Control often depends on how your company is set up (including different share classes) and what’s in your key documents. For example, you can have a shareholder who holds equity but has limited voting power, or whose ability to sell their shares is restricted.
How Should Startups Structure Ownership And Equity Shares From Day One?
Most Australian startups that plan to scale (and potentially raise capital) use a company structure, because it’s designed for bringing in shareholders and issuing shares over time.
Before you issue any shares, it helps to map out your “cap table” (capitalisation table). This is essentially a snapshot of who owns what today, and what ownership could look like after future rounds, option grants, or convertible instruments convert.
Founder Equity Shares: Start With Clarity (Not Assumptions)
Co-founder breakdowns are common, and equity confusion is often a major cause. Even if you trust each other (and you should), you’ll want clarity on questions like:
- How many shares does each founder get, and why?
- Who makes day-to-day decisions, and what decisions require approval?
- What happens if a founder leaves early?
- Can a founder sell their shares to someone else?
This is where a Shareholders Agreement becomes a practical tool, not just “legal paperwork”. It helps you document the rules of ownership, management and exits before you’re under pressure.
Ordinary Shares vs Different Classes Of Shares
Many startups begin with a single class of ordinary shares held by founders. As you grow, you may introduce other classes of shares, especially when investors come in.

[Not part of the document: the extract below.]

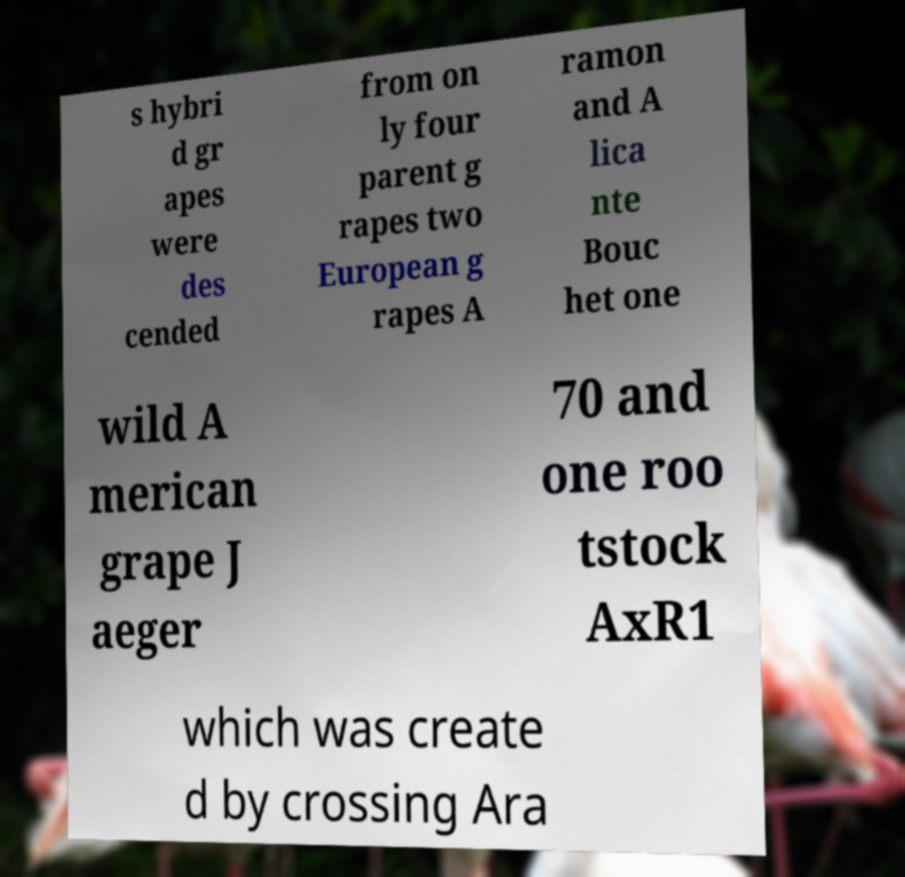Can you accurately transcribe the text from the provided image for me? s hybri d gr apes were des cended from on ly four parent g rapes two European g rapes A ramon and A lica nte Bouc het one wild A merican grape J aeger 70 and one roo tstock AxR1 which was create d by crossing Ara

Different share classes can be used to create different rights, such as:
- Voting rights (who can vote, and how much voting power they have);
- Dividend rights (if dividends are ever paid);
- Priority on exit (for example, preferences on a sale or liquidation);
- Conversion rights (common for preference shares in venture-style investment).
To do this properly, your governing rules matter. Many startups adopt or tailor a Company Constitution so the company’s internal rules match how you actually plan to operate - especially once you have external shareholders.
How Many Equity Shares Should Your Startup Issue?
There isn’t one “correct” number, but the goal is to choose a structure that:
- is easy to administer (and explain to investors);
- allows flexibility for future grants and fundraising; and
- keeps your cap table clean.
Some startups issue a large number of shares (for example, millions) so that small allocations can be expressed cleanly without using awkward decimals. Others keep it simpler early on. The right approach depends on your growth plan, expected investment pathway, and whether you’ll set up an employee equity pool.
How Does Vesting Work For Equity Shares (And Why Investors Expect It)?
Vesting is one of the most founder-friendly protections you can build into your equity plan.
Put simply, vesting means someone does not fully “earn” their equity entitlement upfront. Instead, they earn it over time (or when milestones are met). If they leave early, they typically keep only the portion that has vested - and the company (or other shareholders) may be able to buy back the unvested portion if the right legal mechanisms and documentation are in place.
This is especially important for founders and early key contributors, where the business value is largely created over time.
Common Vesting Structures In Australian Startups
While every startup is different, a common approach includes:
- 4-year vesting (equity earned over 4 years);
- 1-year cliff (nothing vests until the first 12 months, then vesting starts); and
- monthly or quarterly vesting after the cliff.
These terms are common because they balance commitment with fairness: if someone leaves very early, they don’t walk away with a large ownership stake that they didn’t truly contribute to building.
How Is Vesting Documented?
Vesting can be implemented in a few different ways (for example, issuing shares up front but making them subject to buy-back, or granting options that vest and can be exercised into shares later). The cleanest structure depends on your cap table, tax considerations (including potential Employee Share Scheme rules), and how you want leaver rules to work.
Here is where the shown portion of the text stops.